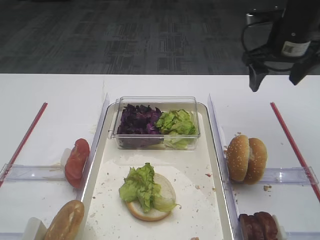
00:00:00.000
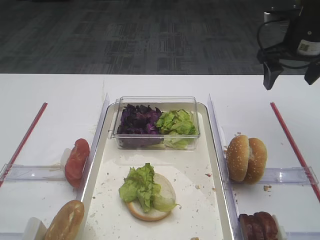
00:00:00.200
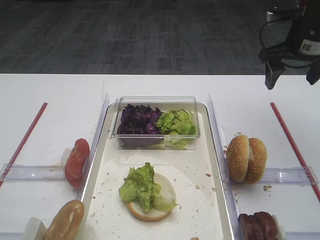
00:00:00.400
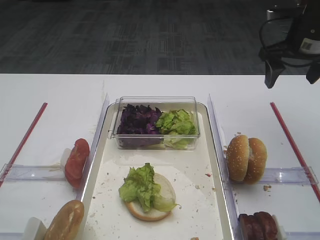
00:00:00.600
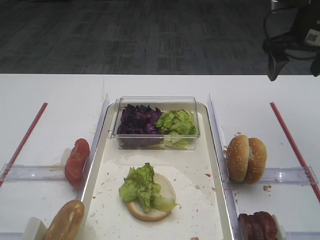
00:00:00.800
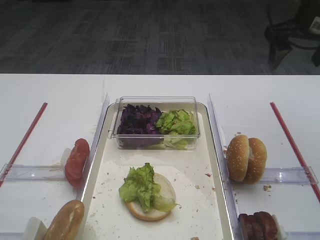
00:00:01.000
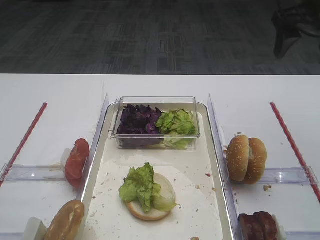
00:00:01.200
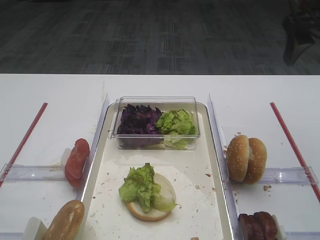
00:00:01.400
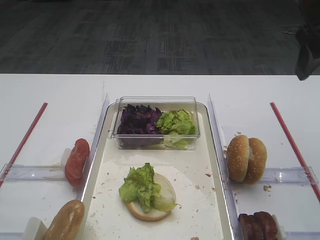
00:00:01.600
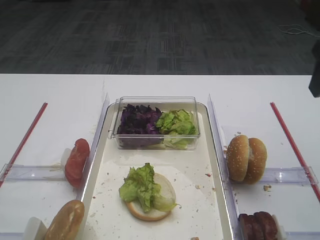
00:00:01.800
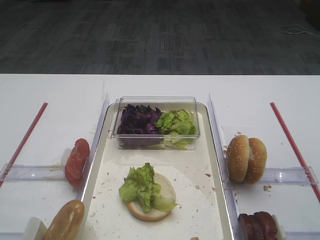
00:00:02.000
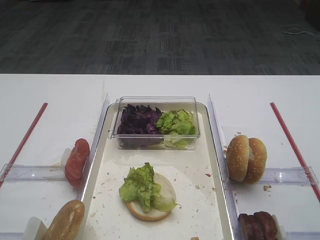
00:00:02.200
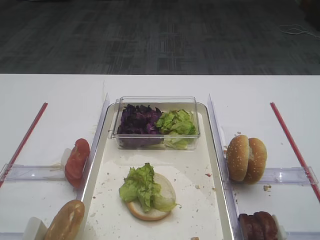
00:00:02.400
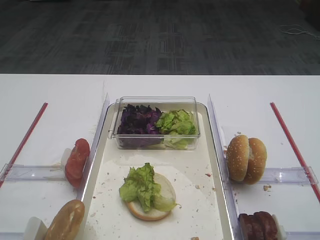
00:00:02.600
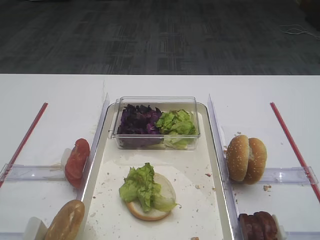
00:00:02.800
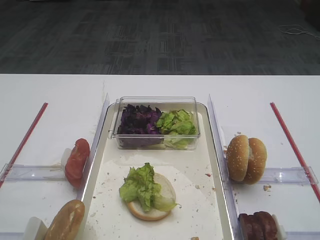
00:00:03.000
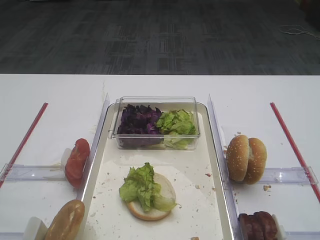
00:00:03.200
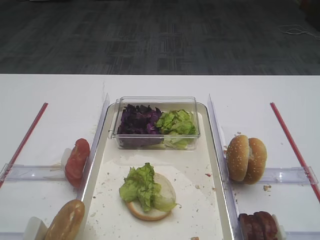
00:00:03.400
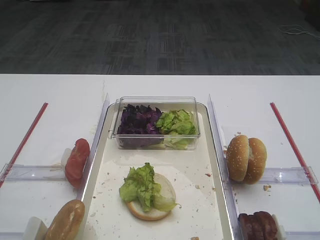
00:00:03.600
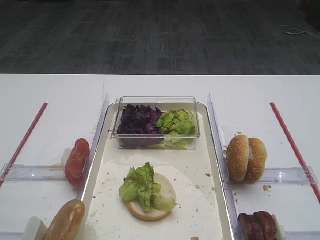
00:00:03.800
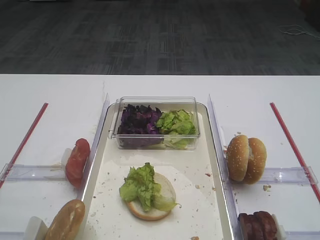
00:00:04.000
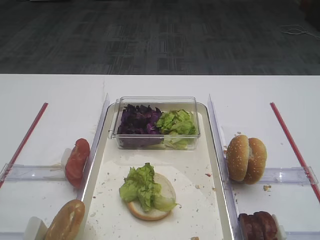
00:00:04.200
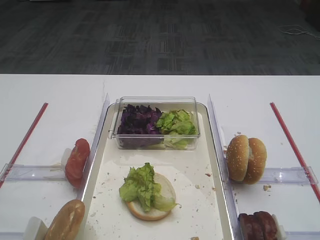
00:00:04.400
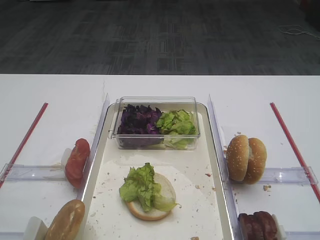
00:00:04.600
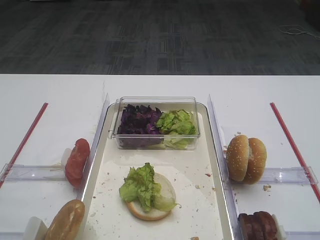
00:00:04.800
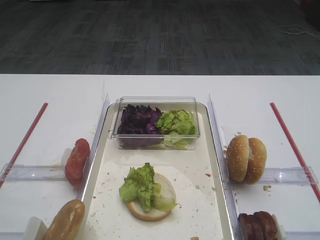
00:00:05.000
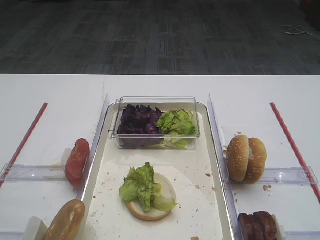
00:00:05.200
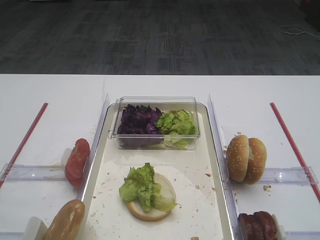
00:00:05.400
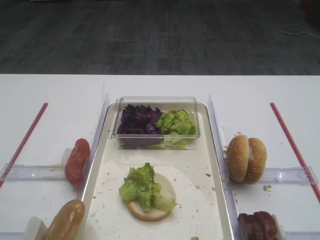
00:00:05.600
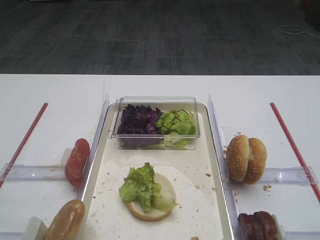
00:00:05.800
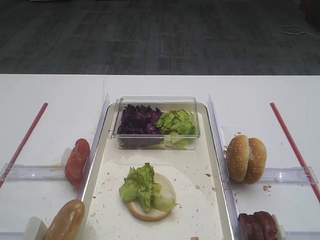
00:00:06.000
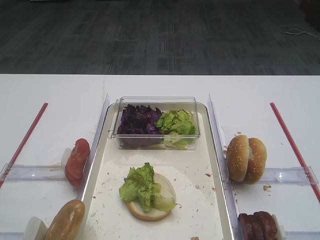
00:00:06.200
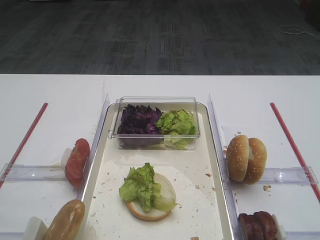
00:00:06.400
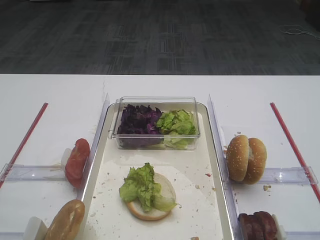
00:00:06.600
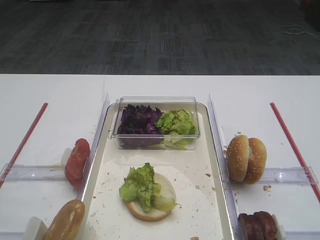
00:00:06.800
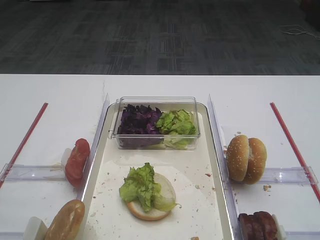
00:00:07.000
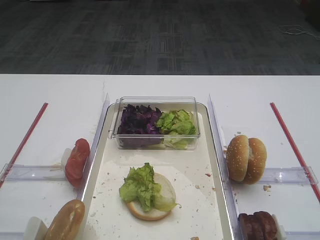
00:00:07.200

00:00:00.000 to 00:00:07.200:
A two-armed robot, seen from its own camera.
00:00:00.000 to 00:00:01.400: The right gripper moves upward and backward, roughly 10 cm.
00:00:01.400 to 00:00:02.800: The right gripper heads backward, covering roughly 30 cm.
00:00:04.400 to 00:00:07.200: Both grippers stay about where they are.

==

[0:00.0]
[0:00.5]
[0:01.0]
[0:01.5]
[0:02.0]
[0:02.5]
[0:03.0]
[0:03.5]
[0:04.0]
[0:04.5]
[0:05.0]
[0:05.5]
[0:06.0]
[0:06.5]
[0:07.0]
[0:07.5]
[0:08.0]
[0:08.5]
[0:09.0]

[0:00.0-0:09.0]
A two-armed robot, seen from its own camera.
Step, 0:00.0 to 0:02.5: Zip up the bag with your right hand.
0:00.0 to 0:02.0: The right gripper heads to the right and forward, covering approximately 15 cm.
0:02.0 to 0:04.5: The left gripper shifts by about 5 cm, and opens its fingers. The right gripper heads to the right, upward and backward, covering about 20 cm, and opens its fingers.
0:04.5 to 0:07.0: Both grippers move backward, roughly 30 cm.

* * *

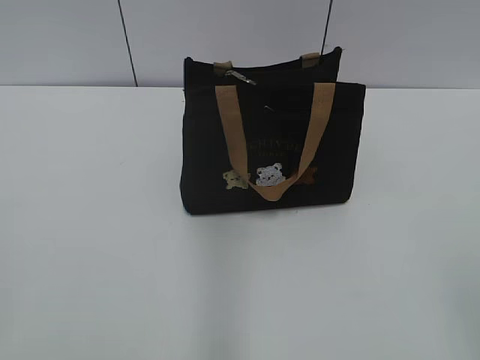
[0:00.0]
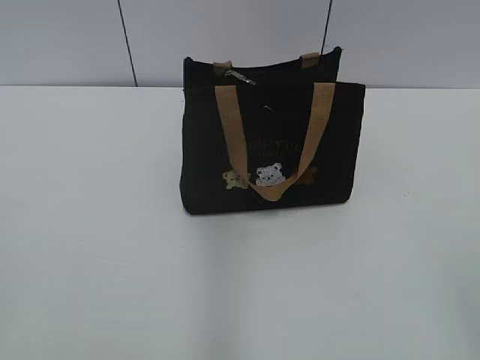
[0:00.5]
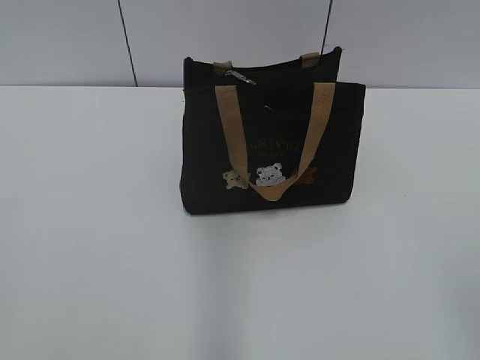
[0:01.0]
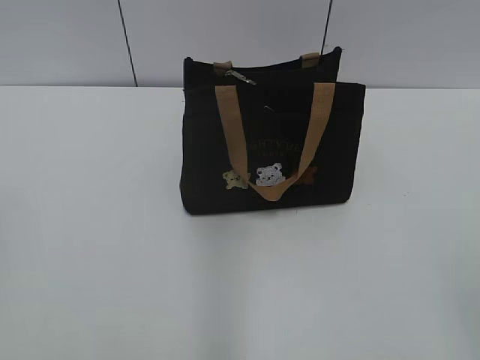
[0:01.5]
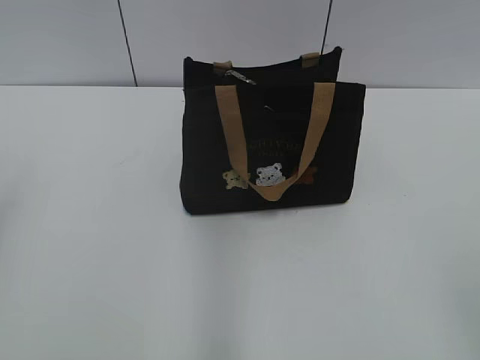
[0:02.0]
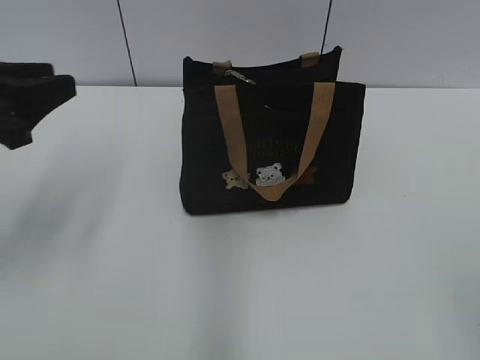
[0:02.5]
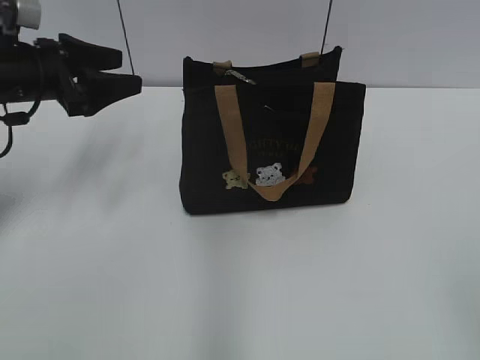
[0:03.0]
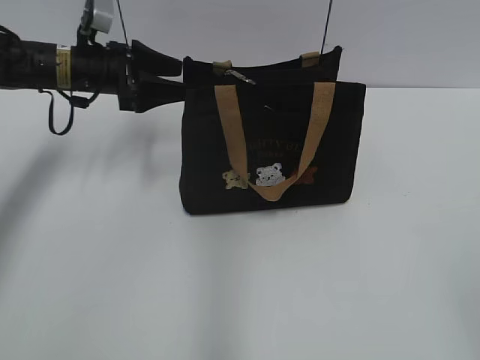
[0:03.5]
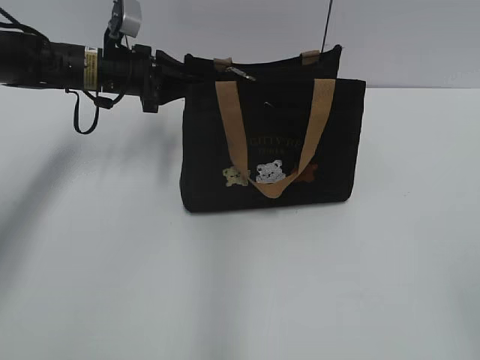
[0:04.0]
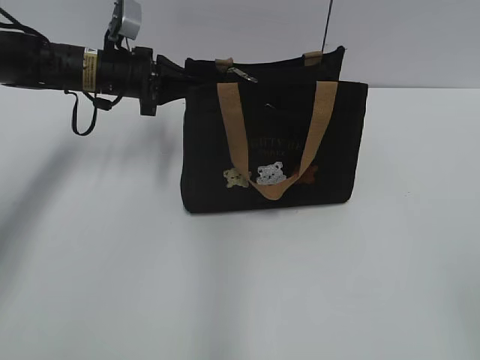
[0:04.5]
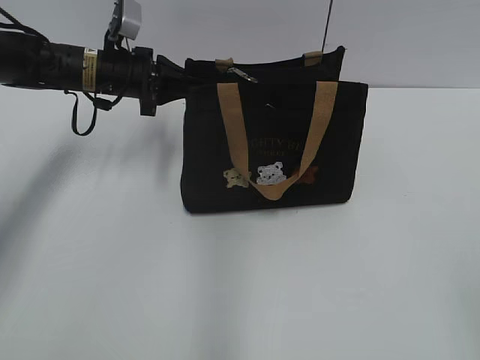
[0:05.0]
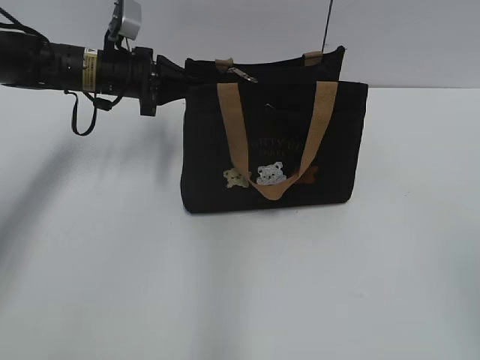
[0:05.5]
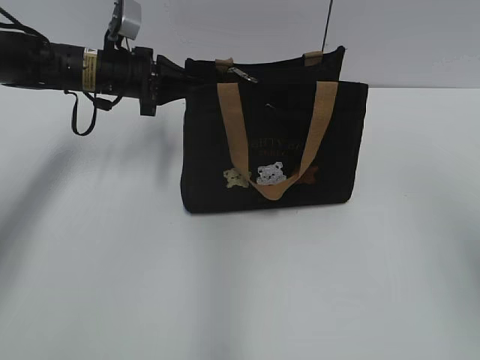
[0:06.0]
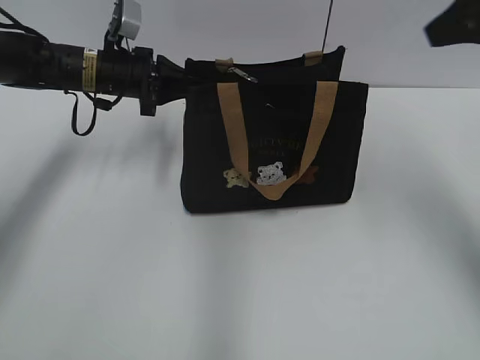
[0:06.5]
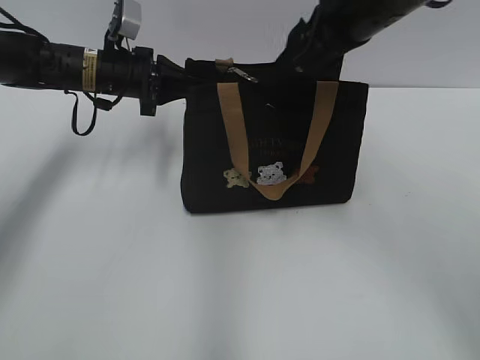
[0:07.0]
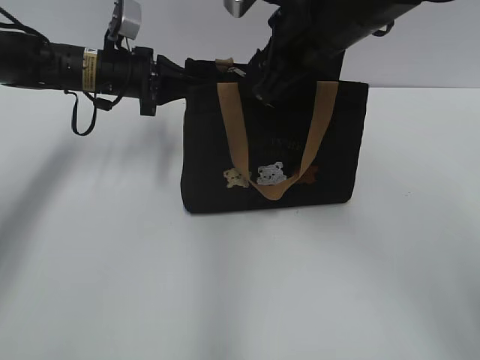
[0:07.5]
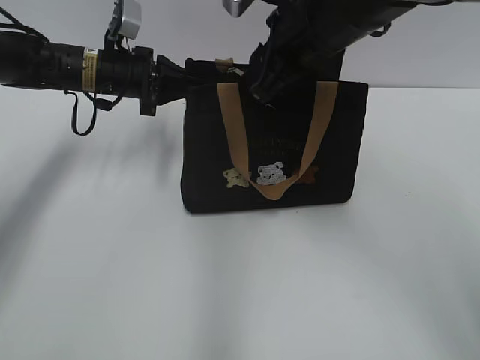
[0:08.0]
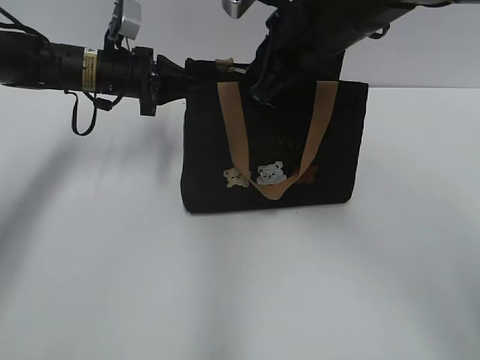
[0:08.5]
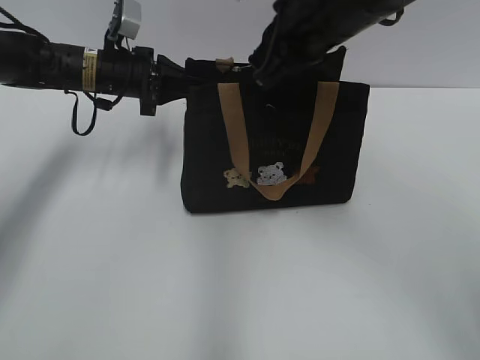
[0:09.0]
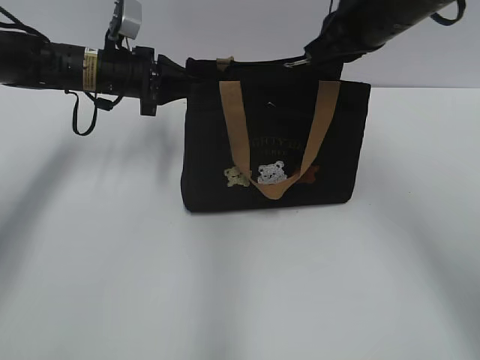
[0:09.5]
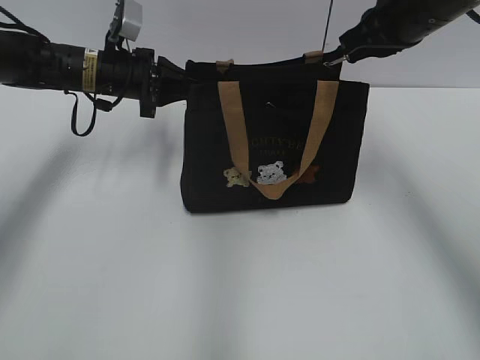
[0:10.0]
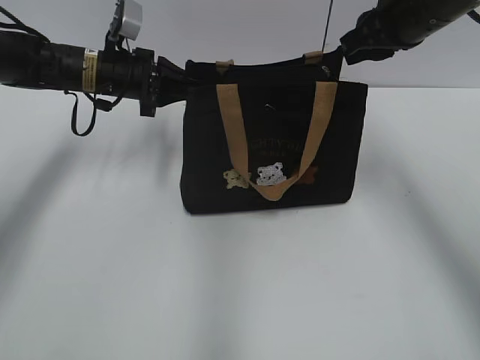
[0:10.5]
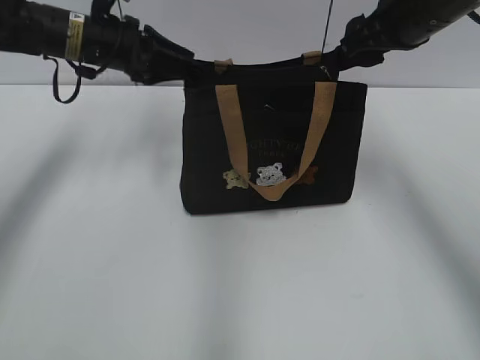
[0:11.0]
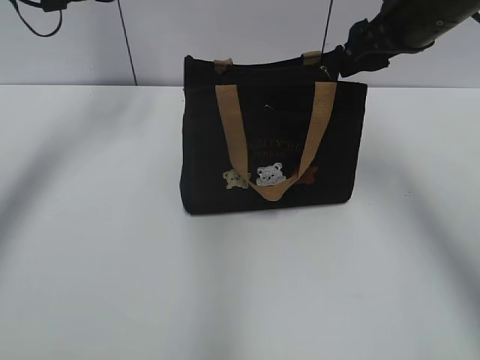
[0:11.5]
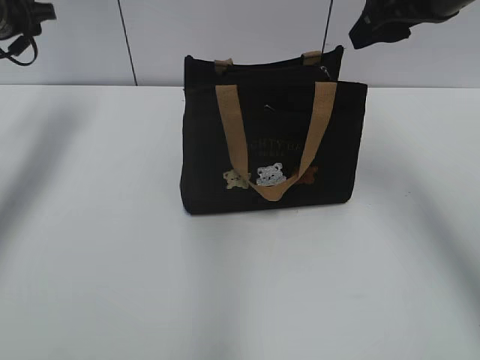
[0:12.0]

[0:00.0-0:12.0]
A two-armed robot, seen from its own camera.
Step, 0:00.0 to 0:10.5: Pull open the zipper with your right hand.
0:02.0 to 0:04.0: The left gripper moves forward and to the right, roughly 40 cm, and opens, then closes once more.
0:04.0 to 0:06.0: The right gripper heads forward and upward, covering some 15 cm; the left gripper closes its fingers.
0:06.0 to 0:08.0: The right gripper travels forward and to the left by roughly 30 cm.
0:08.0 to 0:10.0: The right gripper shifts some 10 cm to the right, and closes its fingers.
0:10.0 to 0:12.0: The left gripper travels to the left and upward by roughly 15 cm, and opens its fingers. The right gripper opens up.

# What is needed
Copy exactly the lines of the listing above between the one holding "00:00:00.200" and the one holding "00:00:06.800", inclusive; omit all pictures.

# Expected answer
00:00:00.200
00:00:00.400
00:00:00.600
00:00:00.800
00:00:01.000
00:00:01.200
00:00:01.400
00:00:01.600
00:00:01.800
00:00:02.000
00:00:02.200
00:00:02.400
00:00:02.600
00:00:02.800
00:00:03.000
00:00:03.200
00:00:03.400
00:00:03.600
00:00:03.800
00:00:04.000
00:00:04.200
00:00:04.400
00:00:04.600
00:00:04.800
00:00:05.000
00:00:05.200
00:00:05.400
00:00:05.600
00:00:05.800
00:00:06.000
00:00:06.200
00:00:06.400
00:00:06.600
00:00:06.800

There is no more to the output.